Go through the records below and copy out every line holding "Name".
Exercise input Block Start
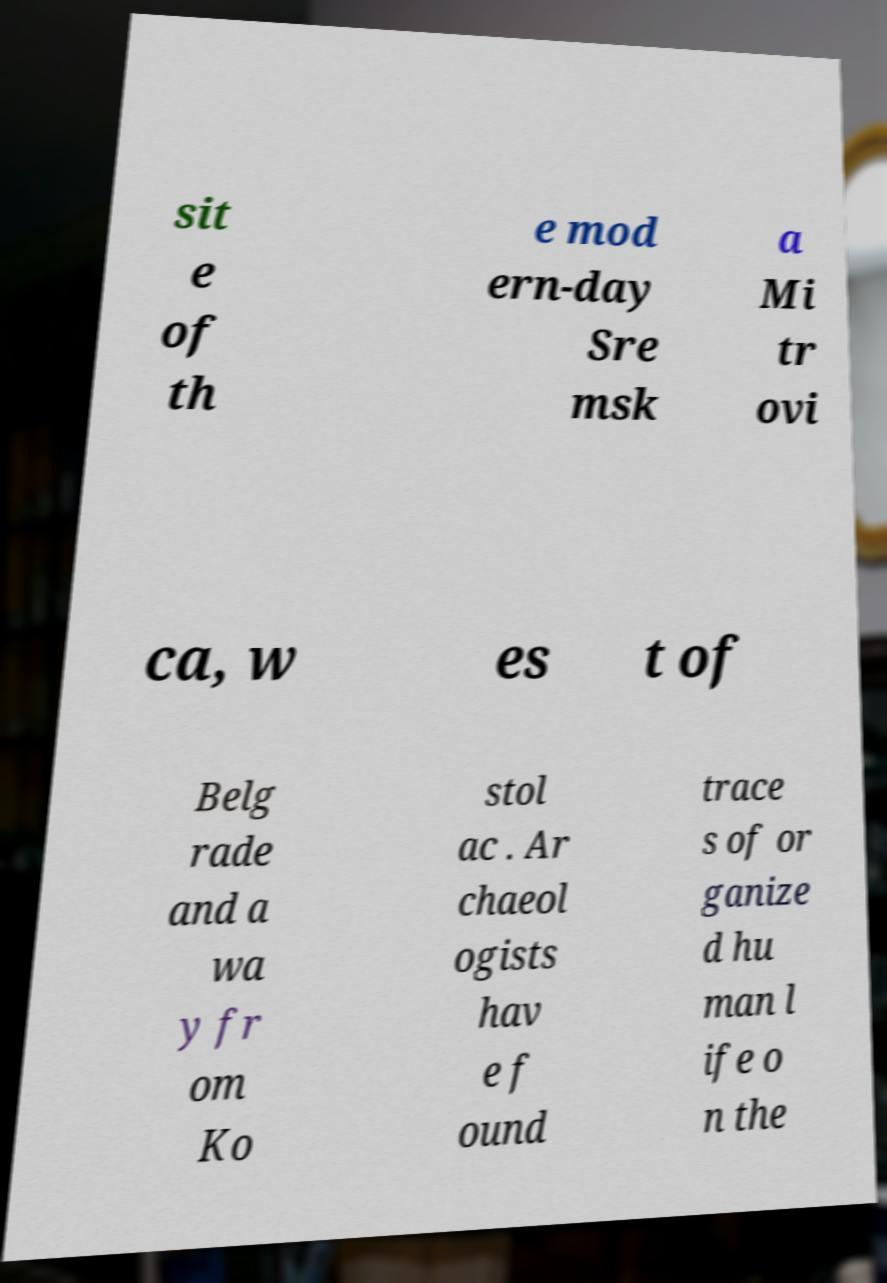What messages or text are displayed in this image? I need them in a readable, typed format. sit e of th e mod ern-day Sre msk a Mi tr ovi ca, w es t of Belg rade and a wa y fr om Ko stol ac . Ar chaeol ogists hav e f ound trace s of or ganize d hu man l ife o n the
Exercise input Block End
Exercise input Block Start
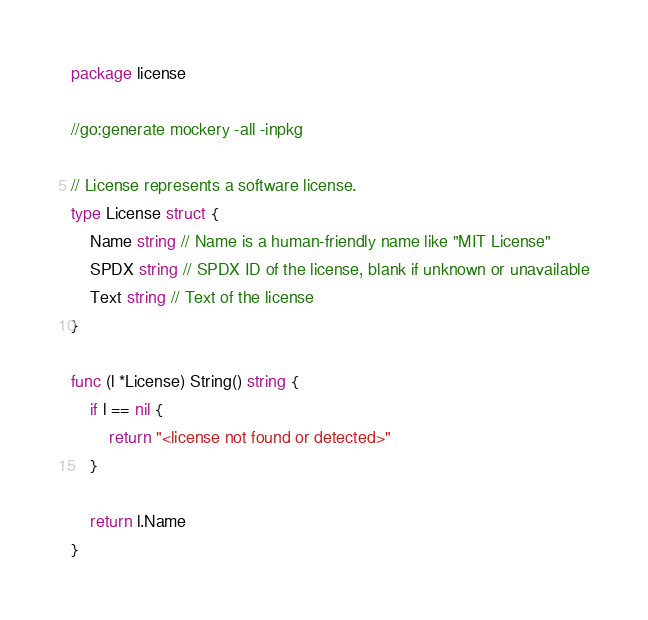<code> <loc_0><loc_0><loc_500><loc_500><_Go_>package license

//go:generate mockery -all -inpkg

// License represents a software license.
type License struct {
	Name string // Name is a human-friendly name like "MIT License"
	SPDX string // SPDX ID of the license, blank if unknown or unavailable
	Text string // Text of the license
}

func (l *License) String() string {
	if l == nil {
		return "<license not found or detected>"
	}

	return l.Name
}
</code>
Exercise input Block End
_Reply:_
	Name string // Name is a human-friendly name like "MIT License"
	return l.Name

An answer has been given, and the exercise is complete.